== Source material

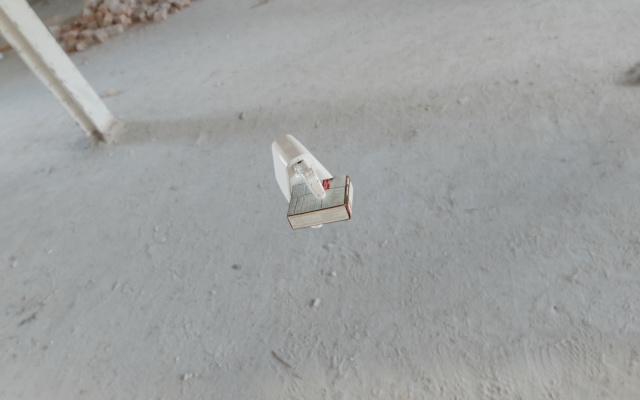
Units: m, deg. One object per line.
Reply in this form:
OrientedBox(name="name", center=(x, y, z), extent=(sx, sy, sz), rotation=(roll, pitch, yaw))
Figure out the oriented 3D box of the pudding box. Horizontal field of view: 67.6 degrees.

====

Assignment: Repeat every line above exactly, but omit all images.

Written answer:
Units: m, deg. One object per line.
Reply in this form:
OrientedBox(name="name", center=(x, y, z), extent=(sx, sy, sz), rotation=(roll, pitch, yaw))
Figure out the oriented 3D box of the pudding box. Horizontal field of view: 67.6 degrees.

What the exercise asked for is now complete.